What you have to do | Within the records, which lines hold the string "picture"? Report each one by copying it.

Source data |
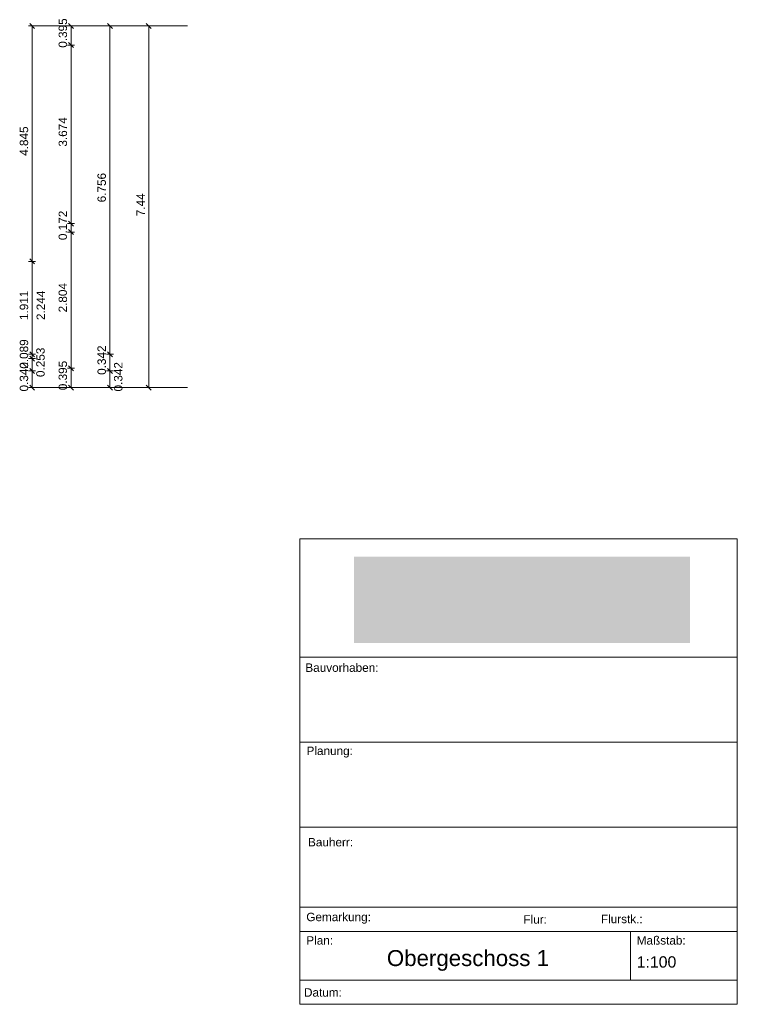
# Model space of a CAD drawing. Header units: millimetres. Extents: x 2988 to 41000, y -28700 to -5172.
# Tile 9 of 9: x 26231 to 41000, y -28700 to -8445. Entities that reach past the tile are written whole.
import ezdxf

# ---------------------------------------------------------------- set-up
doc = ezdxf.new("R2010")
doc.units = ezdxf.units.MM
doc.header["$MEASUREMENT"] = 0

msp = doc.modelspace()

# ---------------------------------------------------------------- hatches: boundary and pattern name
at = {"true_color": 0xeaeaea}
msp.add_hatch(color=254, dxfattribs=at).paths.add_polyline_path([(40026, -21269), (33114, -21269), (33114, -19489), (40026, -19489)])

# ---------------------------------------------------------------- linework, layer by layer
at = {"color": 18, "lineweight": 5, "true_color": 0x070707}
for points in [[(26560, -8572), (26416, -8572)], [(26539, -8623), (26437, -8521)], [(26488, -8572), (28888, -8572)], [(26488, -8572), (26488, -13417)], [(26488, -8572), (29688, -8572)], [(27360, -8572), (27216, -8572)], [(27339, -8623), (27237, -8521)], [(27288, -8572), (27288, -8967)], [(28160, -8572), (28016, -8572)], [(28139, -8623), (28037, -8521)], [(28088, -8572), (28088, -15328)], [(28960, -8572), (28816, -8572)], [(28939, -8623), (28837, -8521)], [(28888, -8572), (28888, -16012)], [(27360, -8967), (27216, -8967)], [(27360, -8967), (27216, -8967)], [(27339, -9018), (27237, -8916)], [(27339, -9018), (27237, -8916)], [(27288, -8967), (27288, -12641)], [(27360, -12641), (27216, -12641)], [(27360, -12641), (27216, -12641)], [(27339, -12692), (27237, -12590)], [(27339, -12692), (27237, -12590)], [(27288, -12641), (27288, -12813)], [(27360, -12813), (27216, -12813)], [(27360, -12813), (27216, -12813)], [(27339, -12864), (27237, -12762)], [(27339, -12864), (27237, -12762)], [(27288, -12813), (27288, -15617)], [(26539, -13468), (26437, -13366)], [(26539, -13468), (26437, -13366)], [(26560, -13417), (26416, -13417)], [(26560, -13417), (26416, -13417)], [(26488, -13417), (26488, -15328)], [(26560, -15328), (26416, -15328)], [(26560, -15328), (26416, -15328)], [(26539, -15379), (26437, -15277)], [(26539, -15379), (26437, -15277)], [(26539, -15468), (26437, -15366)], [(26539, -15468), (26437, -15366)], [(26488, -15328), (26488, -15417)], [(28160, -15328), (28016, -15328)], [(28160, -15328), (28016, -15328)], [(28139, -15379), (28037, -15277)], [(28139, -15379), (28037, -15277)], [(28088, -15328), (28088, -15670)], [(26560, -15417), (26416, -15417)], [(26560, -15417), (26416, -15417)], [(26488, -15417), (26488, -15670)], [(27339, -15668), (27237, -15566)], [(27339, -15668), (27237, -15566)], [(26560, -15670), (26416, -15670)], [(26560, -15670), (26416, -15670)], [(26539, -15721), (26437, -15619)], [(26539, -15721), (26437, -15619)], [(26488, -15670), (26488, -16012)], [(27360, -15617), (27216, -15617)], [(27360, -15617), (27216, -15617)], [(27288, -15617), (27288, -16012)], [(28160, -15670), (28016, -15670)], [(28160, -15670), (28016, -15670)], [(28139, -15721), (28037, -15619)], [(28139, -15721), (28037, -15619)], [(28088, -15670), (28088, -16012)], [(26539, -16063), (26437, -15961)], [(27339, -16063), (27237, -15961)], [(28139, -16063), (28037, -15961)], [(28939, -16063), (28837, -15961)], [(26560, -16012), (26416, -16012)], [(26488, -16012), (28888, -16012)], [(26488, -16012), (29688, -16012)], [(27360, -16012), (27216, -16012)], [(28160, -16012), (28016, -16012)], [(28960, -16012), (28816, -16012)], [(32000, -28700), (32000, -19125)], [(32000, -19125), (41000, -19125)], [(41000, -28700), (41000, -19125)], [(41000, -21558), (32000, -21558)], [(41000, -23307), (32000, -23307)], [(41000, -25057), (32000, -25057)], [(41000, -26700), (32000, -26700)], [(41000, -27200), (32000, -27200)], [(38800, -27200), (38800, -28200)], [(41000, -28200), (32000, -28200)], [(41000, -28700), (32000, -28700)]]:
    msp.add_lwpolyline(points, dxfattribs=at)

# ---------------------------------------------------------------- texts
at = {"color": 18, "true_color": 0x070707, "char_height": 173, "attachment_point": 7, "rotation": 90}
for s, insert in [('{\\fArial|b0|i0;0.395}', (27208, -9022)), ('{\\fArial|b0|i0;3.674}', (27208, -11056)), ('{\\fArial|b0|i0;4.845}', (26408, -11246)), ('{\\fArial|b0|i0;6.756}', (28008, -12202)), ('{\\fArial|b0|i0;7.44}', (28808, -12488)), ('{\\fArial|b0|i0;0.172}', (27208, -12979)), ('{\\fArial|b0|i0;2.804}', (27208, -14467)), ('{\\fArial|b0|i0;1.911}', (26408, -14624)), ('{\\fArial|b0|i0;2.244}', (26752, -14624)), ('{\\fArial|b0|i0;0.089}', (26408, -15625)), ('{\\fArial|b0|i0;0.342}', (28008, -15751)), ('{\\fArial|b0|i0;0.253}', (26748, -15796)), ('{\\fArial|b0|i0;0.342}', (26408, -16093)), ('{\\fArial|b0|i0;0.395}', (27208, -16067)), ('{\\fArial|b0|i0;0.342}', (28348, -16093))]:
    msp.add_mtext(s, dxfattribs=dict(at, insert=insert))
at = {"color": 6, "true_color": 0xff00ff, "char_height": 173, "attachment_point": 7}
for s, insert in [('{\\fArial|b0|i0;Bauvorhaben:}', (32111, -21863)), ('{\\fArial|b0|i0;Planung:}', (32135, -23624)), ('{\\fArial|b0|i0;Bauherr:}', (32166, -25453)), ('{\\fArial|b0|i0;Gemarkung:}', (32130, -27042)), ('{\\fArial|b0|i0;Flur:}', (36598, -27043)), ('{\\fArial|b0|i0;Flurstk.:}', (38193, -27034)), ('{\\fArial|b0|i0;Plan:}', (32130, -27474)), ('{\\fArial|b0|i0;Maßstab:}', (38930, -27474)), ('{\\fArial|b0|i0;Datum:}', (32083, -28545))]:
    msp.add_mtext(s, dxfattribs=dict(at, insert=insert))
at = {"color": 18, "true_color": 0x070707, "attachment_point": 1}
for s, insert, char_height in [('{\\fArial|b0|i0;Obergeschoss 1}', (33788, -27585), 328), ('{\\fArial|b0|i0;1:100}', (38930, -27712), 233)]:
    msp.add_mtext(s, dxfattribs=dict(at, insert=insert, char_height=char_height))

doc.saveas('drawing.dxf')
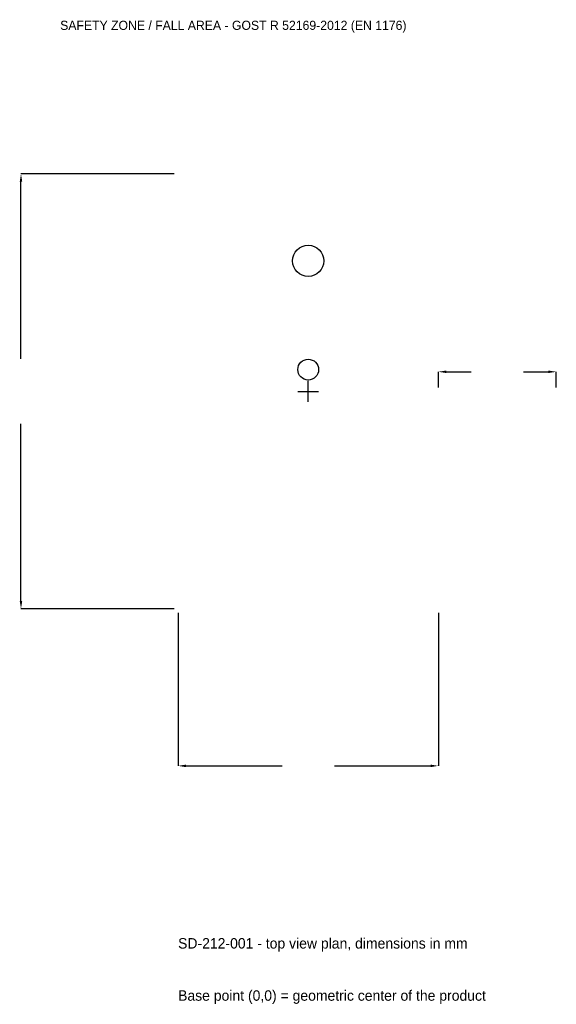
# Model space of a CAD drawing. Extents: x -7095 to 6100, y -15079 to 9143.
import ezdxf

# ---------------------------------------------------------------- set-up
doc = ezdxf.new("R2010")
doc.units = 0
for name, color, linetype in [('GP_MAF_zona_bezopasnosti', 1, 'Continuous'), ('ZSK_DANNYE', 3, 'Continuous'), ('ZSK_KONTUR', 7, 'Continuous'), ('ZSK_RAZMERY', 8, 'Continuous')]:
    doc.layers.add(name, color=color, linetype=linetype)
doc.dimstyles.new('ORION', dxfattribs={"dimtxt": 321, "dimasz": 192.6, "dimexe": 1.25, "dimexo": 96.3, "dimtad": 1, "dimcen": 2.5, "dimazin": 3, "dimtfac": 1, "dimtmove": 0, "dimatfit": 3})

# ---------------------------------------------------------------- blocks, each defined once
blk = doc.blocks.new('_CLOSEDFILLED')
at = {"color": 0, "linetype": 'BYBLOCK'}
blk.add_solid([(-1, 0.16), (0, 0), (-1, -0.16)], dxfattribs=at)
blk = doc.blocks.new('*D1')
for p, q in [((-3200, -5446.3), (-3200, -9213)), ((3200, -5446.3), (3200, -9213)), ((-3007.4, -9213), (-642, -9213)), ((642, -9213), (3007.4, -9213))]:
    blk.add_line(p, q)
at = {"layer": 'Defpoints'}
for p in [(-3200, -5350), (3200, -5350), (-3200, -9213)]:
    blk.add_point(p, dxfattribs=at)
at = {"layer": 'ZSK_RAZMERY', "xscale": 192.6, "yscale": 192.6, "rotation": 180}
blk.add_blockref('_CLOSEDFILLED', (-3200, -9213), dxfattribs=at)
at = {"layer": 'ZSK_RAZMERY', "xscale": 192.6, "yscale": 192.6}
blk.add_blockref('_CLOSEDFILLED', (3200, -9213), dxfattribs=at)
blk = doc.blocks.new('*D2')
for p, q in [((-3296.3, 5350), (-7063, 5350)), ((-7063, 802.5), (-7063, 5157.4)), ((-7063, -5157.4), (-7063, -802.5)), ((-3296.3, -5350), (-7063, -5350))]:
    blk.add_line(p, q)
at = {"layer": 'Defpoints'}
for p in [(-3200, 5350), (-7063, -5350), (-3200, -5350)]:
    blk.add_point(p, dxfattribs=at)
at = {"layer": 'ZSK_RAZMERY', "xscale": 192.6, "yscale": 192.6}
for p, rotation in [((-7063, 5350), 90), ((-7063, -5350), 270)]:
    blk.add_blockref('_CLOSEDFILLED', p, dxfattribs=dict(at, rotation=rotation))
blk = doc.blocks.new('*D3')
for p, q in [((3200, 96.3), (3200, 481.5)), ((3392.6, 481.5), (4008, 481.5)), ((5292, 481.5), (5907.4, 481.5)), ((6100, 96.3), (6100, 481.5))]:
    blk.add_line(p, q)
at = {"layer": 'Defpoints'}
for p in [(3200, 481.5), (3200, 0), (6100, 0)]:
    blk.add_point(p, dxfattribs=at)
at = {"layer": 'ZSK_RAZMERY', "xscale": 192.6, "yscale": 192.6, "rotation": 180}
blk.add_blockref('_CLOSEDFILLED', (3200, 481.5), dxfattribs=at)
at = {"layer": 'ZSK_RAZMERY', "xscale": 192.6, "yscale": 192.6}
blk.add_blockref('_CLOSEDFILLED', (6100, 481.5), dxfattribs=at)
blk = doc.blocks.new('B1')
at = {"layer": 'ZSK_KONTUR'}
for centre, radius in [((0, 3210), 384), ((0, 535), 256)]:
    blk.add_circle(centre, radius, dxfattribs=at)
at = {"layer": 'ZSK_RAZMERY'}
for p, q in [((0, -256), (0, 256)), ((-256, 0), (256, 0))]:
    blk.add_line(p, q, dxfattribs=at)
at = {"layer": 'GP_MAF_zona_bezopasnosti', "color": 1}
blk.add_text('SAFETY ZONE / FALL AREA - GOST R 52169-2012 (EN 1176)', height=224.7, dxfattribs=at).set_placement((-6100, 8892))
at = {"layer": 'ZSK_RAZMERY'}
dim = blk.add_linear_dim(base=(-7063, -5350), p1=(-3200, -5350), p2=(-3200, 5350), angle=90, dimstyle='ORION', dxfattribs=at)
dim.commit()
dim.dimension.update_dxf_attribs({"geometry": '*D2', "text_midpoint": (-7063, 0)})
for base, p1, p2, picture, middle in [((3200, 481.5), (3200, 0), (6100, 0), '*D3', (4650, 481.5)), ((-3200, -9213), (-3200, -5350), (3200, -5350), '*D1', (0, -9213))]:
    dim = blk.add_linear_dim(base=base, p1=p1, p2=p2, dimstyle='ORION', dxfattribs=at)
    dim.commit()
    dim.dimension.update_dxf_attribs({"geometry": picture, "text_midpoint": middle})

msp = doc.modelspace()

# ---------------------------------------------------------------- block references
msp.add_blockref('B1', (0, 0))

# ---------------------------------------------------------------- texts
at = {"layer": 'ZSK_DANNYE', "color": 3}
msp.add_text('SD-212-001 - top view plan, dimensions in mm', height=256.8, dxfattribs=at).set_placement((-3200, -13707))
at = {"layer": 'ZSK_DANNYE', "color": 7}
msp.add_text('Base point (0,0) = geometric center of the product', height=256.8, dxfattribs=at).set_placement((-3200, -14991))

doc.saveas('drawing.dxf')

Output of the exercise |
for base, p1, p2, picture, middle in [((3200, 481.5), (3200, 0), (6100, 0), '*D3', (4650, 481.5)), ((-3200, -9213), (-3200, -5350), (3200, -5350), '*D1', (0, -9213))]:
    dim.dimension.update_dxf_attribs({"geometry": picture, "text_midpoint": middle})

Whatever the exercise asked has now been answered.